Originally published in Dermatology Times
By Patrick Krause
Beauty is only skin deep.
Those who marry for money, earn it.
Adages abound about the best criteria for choosing a partner. They apply in business, as well as life. In other words, high valuation isn’t everything. This partial list of fundamental criteria will help you ensure that you are choosing wisely when it comes to a partnership for your dermatology practice.

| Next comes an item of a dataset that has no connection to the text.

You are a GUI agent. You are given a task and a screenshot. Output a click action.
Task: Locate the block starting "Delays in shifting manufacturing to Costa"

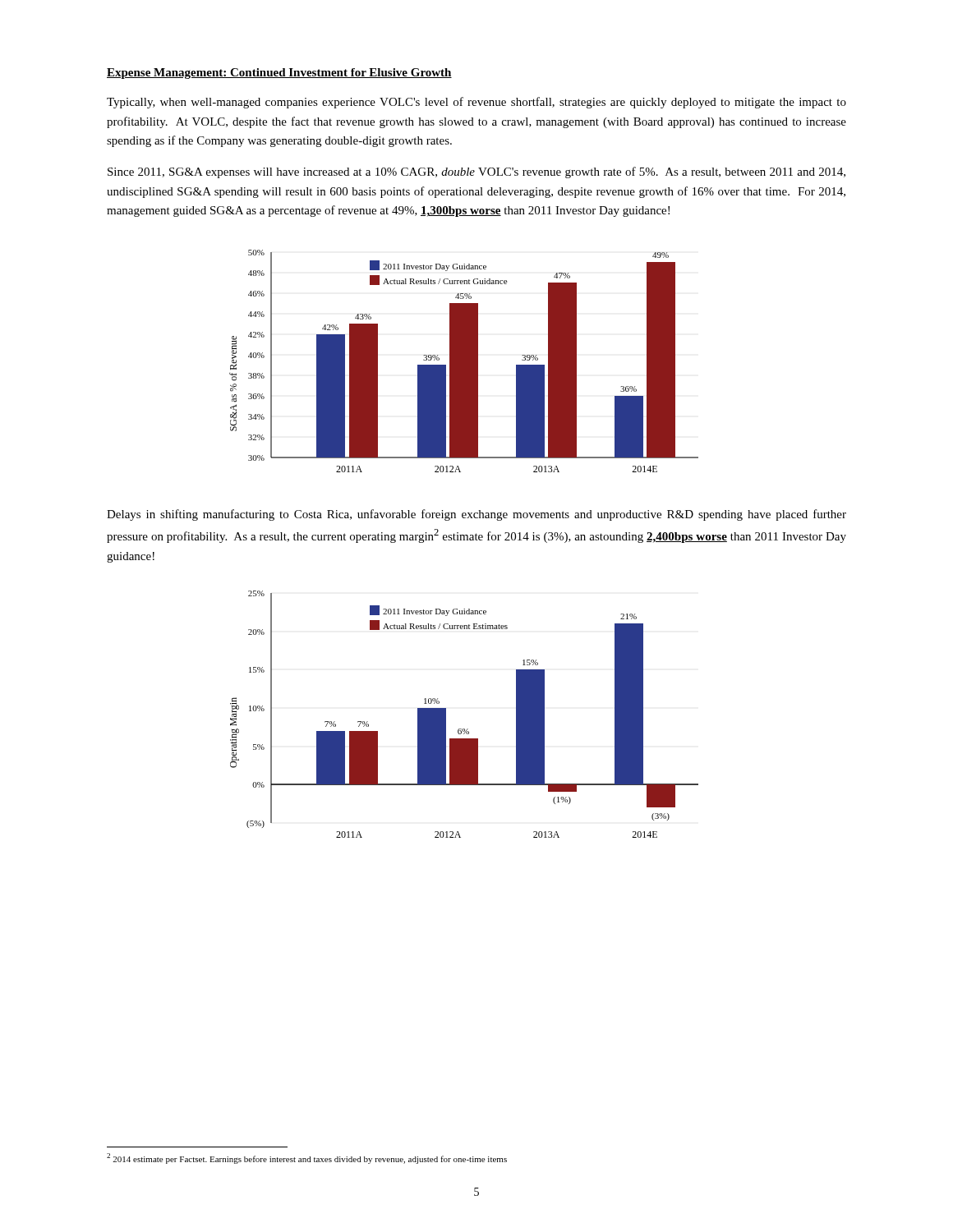[x=476, y=535]

Cultural fit / personal connection
The foremost consideration is the fit between your organization and the one with whom you will be partnering. If you cannot see yourself having a productive working relationship with the buying group, it is likely not to be a successful venture no matter how much they pay for the company.
Industry expertise
Partnering with a group that understands the practice of dermatology and has successfully partnered with specialty physician groups is important, particularly as you collectively define the company’s strategy and make future investment plans. Firms that have operating experts on staff can also be attractive partners, especially when building back-office processes and procedures to support a rapidly growing business.
Desired level of autonomy
The extent to which you would like to continue to maintain control over your schedule and key decisions related to your practice is an important consideration to discuss with potential partners.
Roles for going forward
Understanding how you will fit into the new organization can be a critical point of discussion for you as you negotiate a possible transaction. For example, will you be involved in the governance of the new business? Are there larger national roles that you could take on in the future?
Compensation structure
Many dermatologists pay themselves with the earnings of their practices. In the event of a sale or partnership, it is likely that you will receive a salary and potentially a bonus. This salary may be less than the one you previously paid yourself but, in exchange, you will be receiving value for the portion of your practice that you are selling. When looking at compensation, it is important to take a holistic view.
Deal structure
You should give attention to the proposed structure of the deal and to the classes of equity created and assigned to owners. Different securities give different payout preferences and rights to their respective holders. These securities can play an important role in who controls the company and receives economic benefits. Having a solid understanding of proposed capital structure is critical to any deal. Additionally, many states have explicit rules governing the corporate practice of medicine. The legal structures that allow non-physicians to invest in medical practices can be quite complicated, so it is important to have a working understanding of these structures and how money will flow between them.
Speed and certainty
Not all prospective investors are created equally. Certain investment vehicles already have made platform investments in the industry and have a proven track record of closing deals. Others may have a keen interest in the dermatology space but do not have committed funds at the ready to consummate a transaction in short order. And still others have equity capital committed but will require that a certain portion of their offer be financed with debt that will be subject to the lenders’ due diligence and successful negotiation of debt documents. Thus, financing contingencies, or the lack thereof, can have a tremendous impact on the speed and certainty of a close.
Summary
Dermatology is a fast-growing specialization; the market is expected to increase to $13.1 billion by next year.1 This growth has helped create a dermatologist shortage that may persist for the foreseeable future, even as the field remains one of the most popular specializations sought by medical students.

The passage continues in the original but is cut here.